Dava konusu icra takibi içeriğinde yer alan faturalara konu hizmet; taraflar arasında imzalanmış sözleşmeye istinaden verilmesi gereken yazılım hizmetine ilişkindir.
Alınan bilirkişi raporunda mali yönden yapılan incelemede; davacı ve davalı yan vekili tarafından incelemeye sunulan 2018 yılına ait ticari defterlerinin 6102 sayılı TTK. İlgili hükümleri yönünden usulüne uygun tutulmuş olduğu, sahibi lehine delil teşkil edebileceği, davacı yan kendi ticari defterlerinde. davalı yandan takip tarihi olan 26/12/2018 tarihi itibari ile 23.578,08 TL alacaklı olduğu, davalı yanın incelenen ticari defterlerinde, davacı yandan 26/12/2018 takip tarihi itibariyle 10.000,-TL alacaklı olduğu, davacı yan tarafından davalı yana düzenlenen tüm faturaların, davalı ticari defterlerinde kayıt altına alınmış olduğu, ancak sonrasında tüm faturalar için iade faturaları düzenlenmiş olduğu, davalı tarafından iade faturaları düzenlenmeden önce davacı yan cari hesap bakiyesi olan 23.578.08 TL’de mutabık olunduğu, davacı yan ile davalı yan arasındaki cari hesap farkının, davalı yanın davacı yana düzenlemiş olduğu, 31.10.2018 tarihli 3 adet iade fatura toplamı 33.578.08 TL olduğu, işbu faturaların davalı yan tarafından davacı yana …… Kargo ile gönderilmiş olduğu, ancak adreste bulunmaması sebebiyle davacı yana teslim edilememiş olduğu, sonrasında Büyükçekmece …… Noterliği aracılığı ile 08/11/2018 ve 14/11/201 8 tarihlerinde iade faturalarını tekrar göndermiş olduğu, fakat adres sürekli kapalı olduğundan davacı yana teslim edilememiş olduğu belirtilmiştir.
Teknik yönden yapılan incelemede; sözleşme konusu uygulama veritabanı ve arama kayıtları üzerinde yapılan incelemede; söz konusu sistemin veli arama işlemlerinde hatalı arama işlemleri gerçekleştirmiş olduğu, uygulamanın tam olarak doğru bir şekilde çalışmamış olduğu ve dolayısıyla sistemden beklenen faydanın tam olarak sağlanamadığı belirtilmiştir.
Alınan ek raporlarda da; ihtilaf dönemindeki hali incelenemediğinden uygulamanın veritabanı kayıtları üzerinde yapılan inceleme ile veri arama özelliğinin hatalı olduğu, hatanın teknik olarak giderilmesinin mümkün olduğu, eksik ve ayıp bedelinin sistemin tümüyle ayıplı kabul edilmesi gerektiği ancak sistemsel giderim bedelinin 1.000,00-1.500,00 TL civarında olabileceği belirtilmiştir.
Ayıp, aynı cins ve kategoriye giren eşyaya nispetle satılan maldaki değer ve elverişliliği kaldıran veya azaltan noksanlıktır (TBK.m.219).

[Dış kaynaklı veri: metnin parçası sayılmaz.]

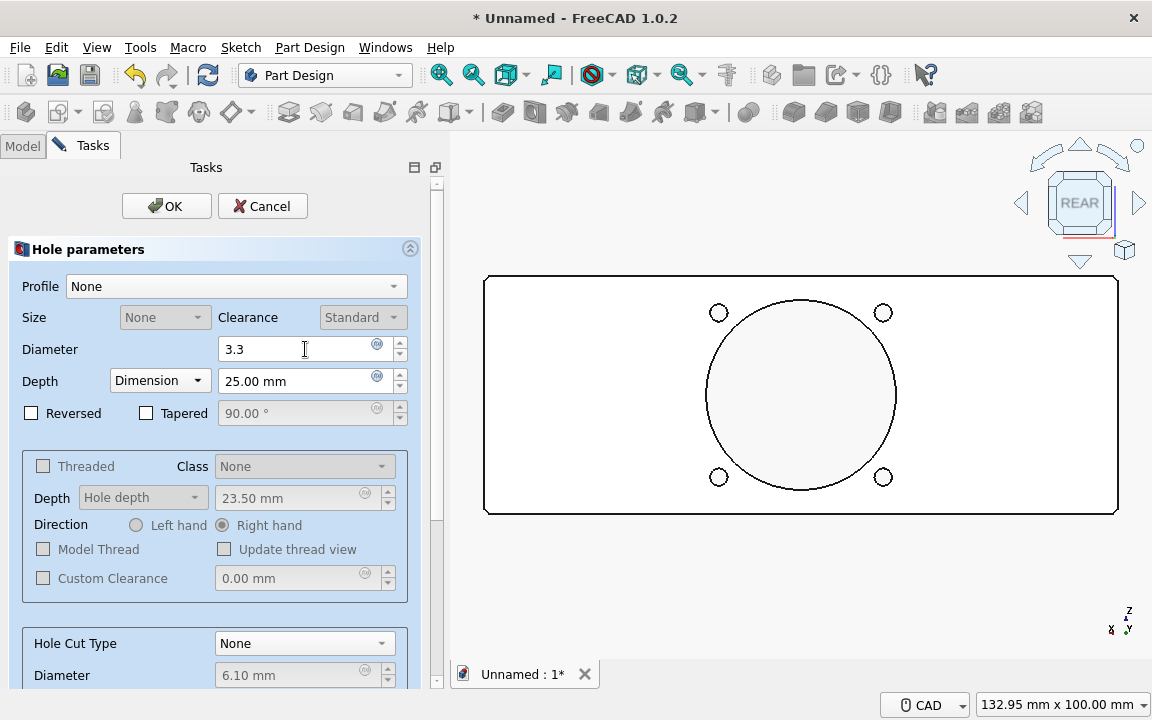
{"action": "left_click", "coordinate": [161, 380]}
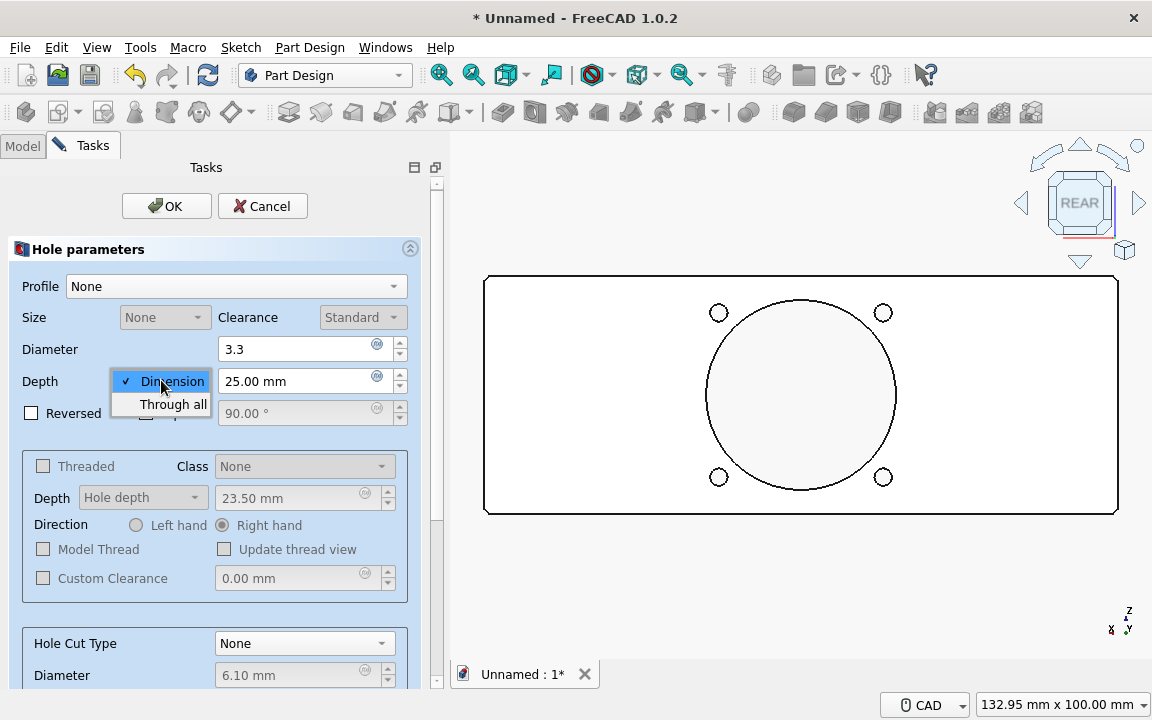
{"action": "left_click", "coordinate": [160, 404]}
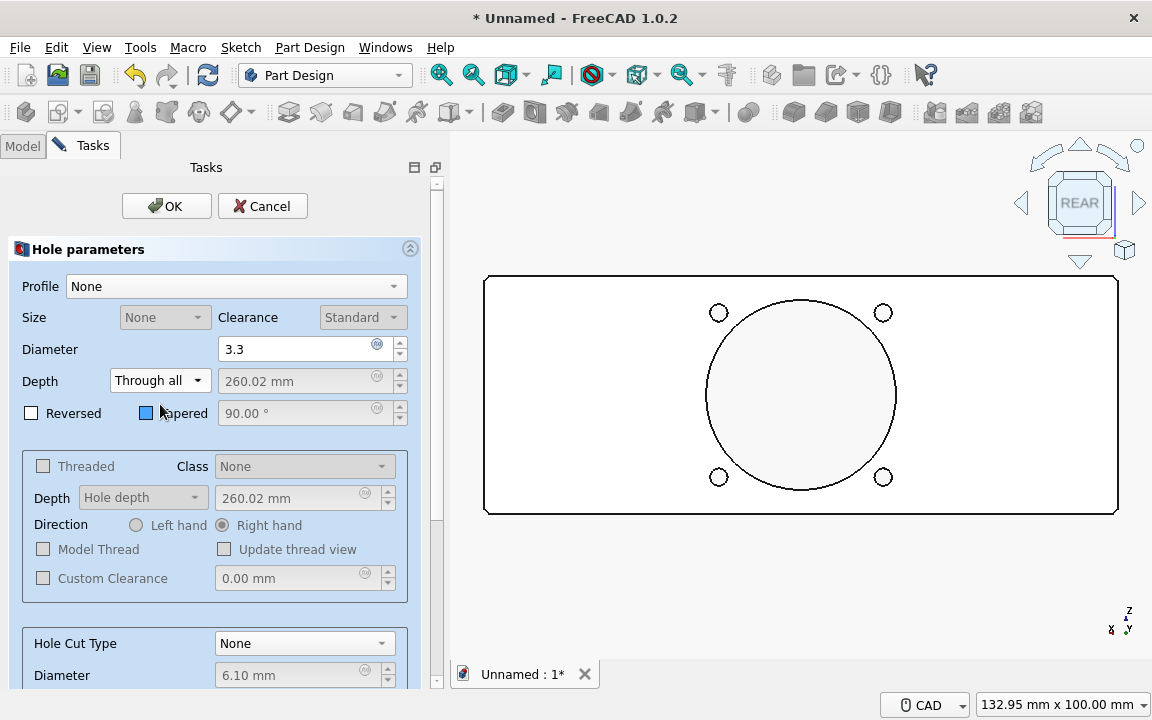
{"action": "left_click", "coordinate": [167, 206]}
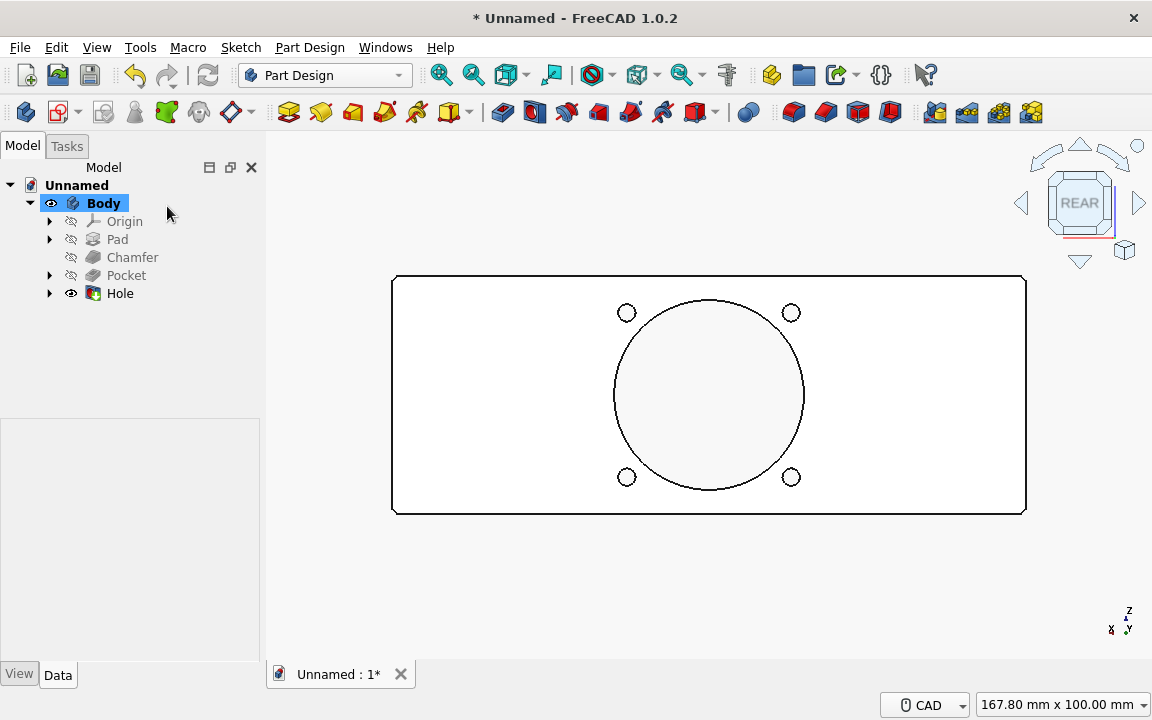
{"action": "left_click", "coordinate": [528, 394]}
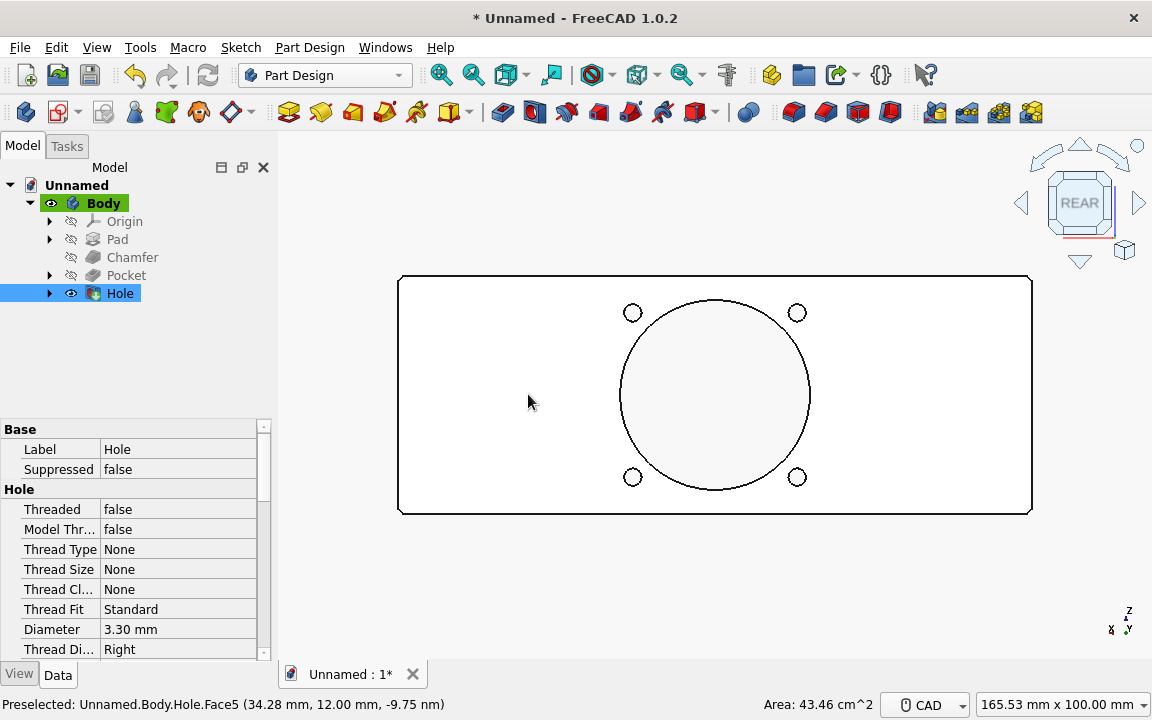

TTK.m.23/c hükmünde ticari satışta maldaki ayıpla ilgili ayıbı ihbar süresi düzenlenmiştir. Malın ayıplı olduğu teslim sırasında açıkça belli ise (aşikar ayıp), alıcı 2 gün içinde ayıbı satıcıya bildirmelidir. Maldaki ayıp açıkça belli değilse (açık ayıp), alıcı malı teslim aldıktan sonra 8 gün içinde malı incelemeli veya incelettirmeli ve bu inceleme sonunda malın ayıplı olduğu ortaya çıkarsa, bu sürede satıcıya bildirmelidir. Diğer durumlarda, Türk Borçlar Kanununun 223 üncü maddesinin ikinci fıkrası uygulanır. TBK m. 223’e göre, alıcı gözden geçirmeyi ve bildirimde bulunmayı ihmal ederse, satılanı kabul etmiş sayılır. Ancak, satılanda olağan bir gözden geçirmeyle ortaya çıkarılamayacak bir ayıp bulunması hâlinde (gizli ayıp), bu hüküm uygulanmaz. Bu tür bir ayıbın bulunduğu sonradan anlaşılırsa, hemen satıcıya bildirilmelidir; bildirilmezse satılan bu ayıpla birlikte kabul edilmiş sayılır. Maddede belirtilen “hemen” ifadesi dürüstlük kuralı ve halin icapları göz önünde bulundurularak yorumlanmalıdır. Herhalde ayıp ortaya çıkınca fazla vakit geçirmeden ihbar yapılmalıdır. Ayıp ihbarının ayıba karşı sorumluluktan doğan dava için öngörülmüş olan zamanaşımı süresi geçmeden önce yapılmış olması gerekir. TBK m. 231’e göre, “Satıcı daha uzun bir süre için üstlenmiş olmadıkça, satılanın ayıbından doğan sorumluluğa ilişkin her türlü dava, satılandaki ayıp daha sonra ortaya çıksa bile, satılanın alıcıya devrinden başlayarak iki yıl geçmekle zamanaşımına uğrar.”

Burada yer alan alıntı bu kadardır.